Oddly, when the four of us would leave Susan after a day spent together and head to restaurant or the hotel room, we would find ourselves in uncontrollable hysteria. The slightest thing would tip us off and we would be laughing so hard we could hardly breathe! I suspect that this was an outlet at the end of a tightly wound, stressful, poignant day and it was the relief of the tight jaws we all found ourselves with. But most of all is the phrase repeating ad nausea in each of our heads. “There but for the grace of God go I.” Followed by, “What if?” Followed by, “How was this deck dealt?” Followed by, “Susan had no children. Holly had one child. We had six children. Oh God, oh God.”

 

No one’s off the hook completely. Huntington’s typically strikes in middle age but it can also be “late or early onset” at random.
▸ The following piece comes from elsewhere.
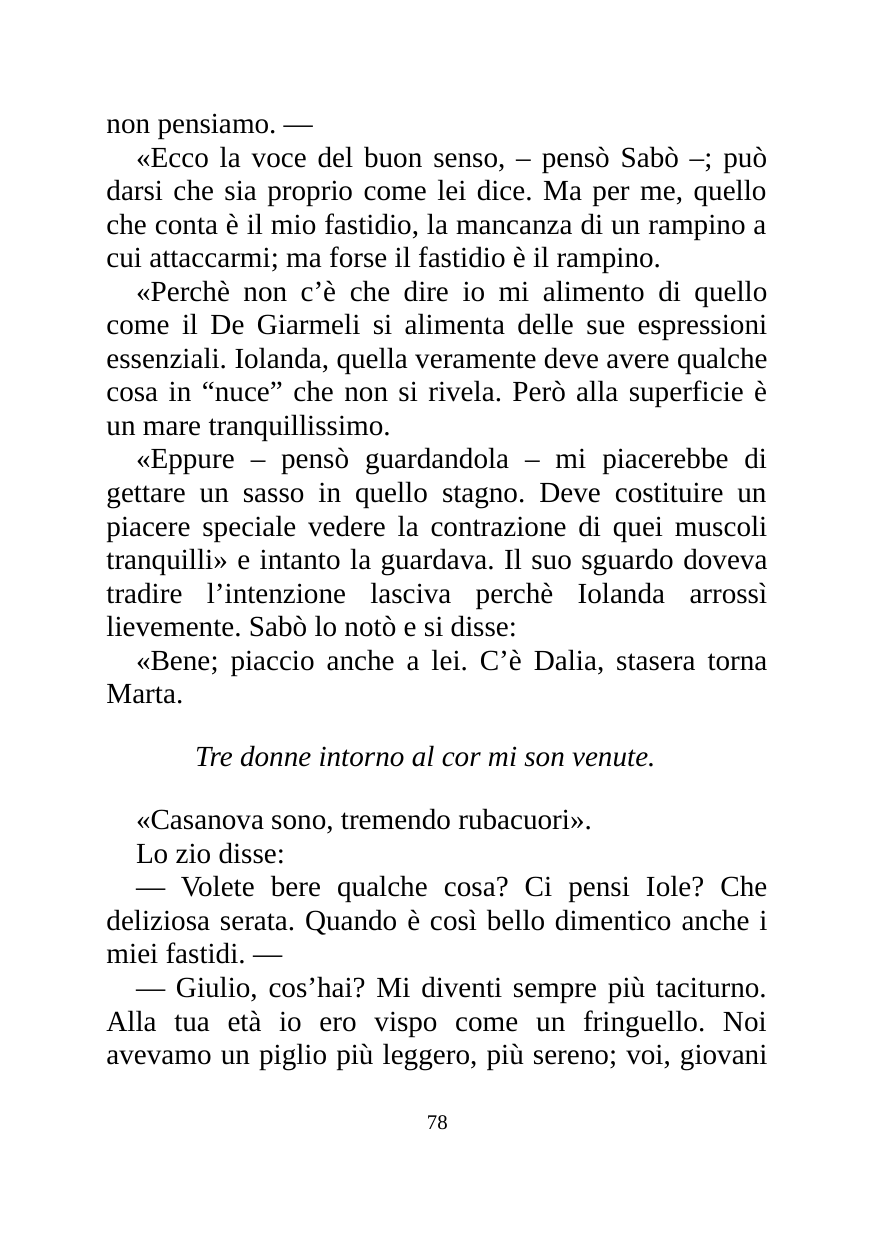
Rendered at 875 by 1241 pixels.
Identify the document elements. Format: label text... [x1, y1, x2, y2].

I have never been more aware of the ramifications of this dreadful disease which resembles a combination of ALS, Parkinsons, and Dementia all in one. If Shep and Holly do not have the disease, their kids can’t get it. If they do, their kids each have a 50/50 chance. I am reading the book that Holly recommended to me called, “Inside the O’Briens” which deals with just this situation and it is terrifying me even more. It is written by the same author as “Still Alice.” Lisa Genova. Cheerful subjects this author chooses, eh? But, it is enlightening.

 

Susan seems quite with it. I send her stories and cards as I can and she reads novels continuously. She requested cheese sticks and Bugles, which we brought. Clearly her diet has never become the least bit healthy, which is of course insignificant now. In the end, one lives ones life as best as one can, not ever knowing what lays ahead, how we will cope with it, what end it will come to. As they say, “love is all there is” but in fact there is also a random, roulette style sequence and a mystery that remains until we leave this earth ourselves and hopefully, get to ask all the unanswered questions.

 

 

Huntington’s disease (HD) is a fatal genetic disorder that causes the progressive breakdown of nerve cells in the brain. It deteriorates a person’s physical and mental abilities during their prime working years and has no cure. HD is known as the quintessential family disease because every child of a parent with HD has a 50/50 chance of carrying the faulty gene. Today, there are approximately 30,000 symptomatic Americans and more than 200,000 at-risk of inheriting the disease.